What is the best way to do this in PostgreSQL? Feel free to suggest an entirely new way to setup my database, different from what I'm currently exploring. Also, if it helps you answer my question, I'm using the pgAdmin tool to setup my database.
I appreciate your help.
I would go with your original plan to store the name as text. Possibly enhanced by additionally storing the schema name:
addin text
,sch text
,tbl text
Tables have an OID in the system catalog (pg_catalog.pg_class). You can get those with a nifty special cast:
SELECT 'myschema.mytable'::regclass
But the OID can change over a dump / restore. So just store the names as text and verify the table is there by casting it like demonstrated at application time.
Of course, if you use each tables for multiple addins it might pay to make a separate table
CREATE TABLE tbl (
,tbl_id serial PRIMARY KEY
,sch text
,name text
);
and reference it in ...
CREATE TABLE addin (
,addin_id serial PRIMARY KEY
,addin text
,tbl_id integer REFERENCES tbl(tbl_id) ON UPDATE CASCADE ON DELETE CASCADE
);
Or even make it an n:m relationship if addins have multiple tables. But be aware, as #OMG_Ponies commented, that a setup like this will require you to execute a lot of dynamic SQL because you don't know the identifiers beforehand.
I guess all plugins have a set of basic attributes and then each plugin will have a set of plugin-specific attributes. If this is the case you can use a single table together with the hstore datatype (a standard extension that just needs to be installed).
Something like this:
CREATE TABLE plugins
(
plugin_name text not null primary key,
common_int_attribute integer not null,
common_text_attribute text not null,
plugin_atttributes hstore
)
Then you can do something like this:
INSERT INTO plugins
(plugin_name, common_int_attribute, common_text_attribute, hstore)
VALUES
('plugin_1', 42, 'foobar', 'some_key => "the fish", other_key => 24'),
('plugin_2', 100, 'foobar', 'weird_key => 12345, more_info => "10.2.4"');
This creates two plugins named plugin_1 and plugin_2
Plugin_1 has the additional attributes "some_key" and "other_key", while plugin_2 stores the keys "weird_key" and "more_info".
You can index those hstore columns and query them very efficiently.
The following will select all plugins that have a key "weird_key" defined.
SELECT *
FROM plugins
WHERE plugin_attributes ? 'weird_key'
The following statement will select all plugins that have a key some_key with the value the fish:
SELECT *
FROM plugins
WHERE plugin_attributes #> ('some_key => "the fish"')
Much more convenient than using an EAV model in my opinion (and most probably a lot faster as well).

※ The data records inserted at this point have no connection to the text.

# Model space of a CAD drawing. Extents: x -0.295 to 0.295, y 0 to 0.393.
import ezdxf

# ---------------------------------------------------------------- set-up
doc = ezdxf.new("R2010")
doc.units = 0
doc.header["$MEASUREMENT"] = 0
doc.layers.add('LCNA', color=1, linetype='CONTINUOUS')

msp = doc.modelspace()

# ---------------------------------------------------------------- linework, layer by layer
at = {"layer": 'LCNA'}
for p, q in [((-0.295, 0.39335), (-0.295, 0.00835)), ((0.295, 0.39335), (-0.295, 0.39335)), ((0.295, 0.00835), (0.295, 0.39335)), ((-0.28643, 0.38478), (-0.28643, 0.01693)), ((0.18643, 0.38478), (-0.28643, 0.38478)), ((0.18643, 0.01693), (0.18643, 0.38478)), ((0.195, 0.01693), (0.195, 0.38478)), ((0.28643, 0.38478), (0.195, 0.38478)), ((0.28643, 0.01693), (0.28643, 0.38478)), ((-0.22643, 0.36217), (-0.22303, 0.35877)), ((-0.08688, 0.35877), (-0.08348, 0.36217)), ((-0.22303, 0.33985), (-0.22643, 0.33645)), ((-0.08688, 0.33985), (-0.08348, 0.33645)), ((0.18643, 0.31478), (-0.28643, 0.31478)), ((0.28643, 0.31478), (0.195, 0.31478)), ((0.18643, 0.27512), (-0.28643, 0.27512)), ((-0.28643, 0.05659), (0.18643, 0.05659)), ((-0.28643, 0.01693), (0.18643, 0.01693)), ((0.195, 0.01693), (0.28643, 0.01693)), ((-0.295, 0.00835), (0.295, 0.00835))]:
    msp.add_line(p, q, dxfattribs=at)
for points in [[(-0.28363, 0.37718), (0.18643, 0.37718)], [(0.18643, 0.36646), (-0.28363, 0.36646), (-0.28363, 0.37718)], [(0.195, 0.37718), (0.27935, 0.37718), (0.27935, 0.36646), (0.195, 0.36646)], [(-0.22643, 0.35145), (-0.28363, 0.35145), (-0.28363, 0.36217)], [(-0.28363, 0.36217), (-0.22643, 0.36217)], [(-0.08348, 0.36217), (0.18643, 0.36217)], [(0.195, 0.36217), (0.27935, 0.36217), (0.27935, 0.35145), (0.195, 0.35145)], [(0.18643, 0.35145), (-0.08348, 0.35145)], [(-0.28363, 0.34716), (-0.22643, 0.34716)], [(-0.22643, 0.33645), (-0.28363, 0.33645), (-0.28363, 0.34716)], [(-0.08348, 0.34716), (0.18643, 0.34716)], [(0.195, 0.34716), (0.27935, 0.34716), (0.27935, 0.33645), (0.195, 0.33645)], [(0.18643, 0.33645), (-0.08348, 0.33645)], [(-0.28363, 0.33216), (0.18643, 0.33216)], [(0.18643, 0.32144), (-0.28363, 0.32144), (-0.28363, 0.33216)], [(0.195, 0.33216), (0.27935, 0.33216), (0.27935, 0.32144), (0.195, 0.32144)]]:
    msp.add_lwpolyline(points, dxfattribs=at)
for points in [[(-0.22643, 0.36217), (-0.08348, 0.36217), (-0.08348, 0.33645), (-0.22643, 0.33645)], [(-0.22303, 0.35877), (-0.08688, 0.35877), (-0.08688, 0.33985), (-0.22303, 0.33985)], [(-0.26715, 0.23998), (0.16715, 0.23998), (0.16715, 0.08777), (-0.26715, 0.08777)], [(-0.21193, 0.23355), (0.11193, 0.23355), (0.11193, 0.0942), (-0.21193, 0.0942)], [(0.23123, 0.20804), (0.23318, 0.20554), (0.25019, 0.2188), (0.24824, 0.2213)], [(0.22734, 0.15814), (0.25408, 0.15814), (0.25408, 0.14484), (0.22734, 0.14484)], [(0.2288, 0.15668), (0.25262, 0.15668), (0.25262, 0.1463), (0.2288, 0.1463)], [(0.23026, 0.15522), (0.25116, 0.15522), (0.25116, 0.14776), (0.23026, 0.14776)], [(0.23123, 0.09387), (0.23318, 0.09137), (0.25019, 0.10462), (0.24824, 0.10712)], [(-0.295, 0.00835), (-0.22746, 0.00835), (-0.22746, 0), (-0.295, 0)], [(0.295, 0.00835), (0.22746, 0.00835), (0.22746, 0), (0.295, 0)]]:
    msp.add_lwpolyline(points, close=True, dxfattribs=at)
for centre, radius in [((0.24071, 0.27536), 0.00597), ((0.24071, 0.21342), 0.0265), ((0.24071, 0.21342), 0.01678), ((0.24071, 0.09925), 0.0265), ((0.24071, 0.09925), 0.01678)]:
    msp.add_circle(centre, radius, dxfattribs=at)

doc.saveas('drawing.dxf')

The only drawback is that you lose type-safety with this approach (but usually you'd lose that with the EAV concept as well).
You don't need an application catalog. Just add the application name to the keys of the table. This of course assumes that all the tables have the same structure. If not: use the application name for a table name, or as others have suggested: as a schema name( which also would allow for multiple tables per application).
EDIT:
But the real issue is of course that you should first model your data, and than build the applications to manipulate it. The data should not serve the code; the code should serve the data.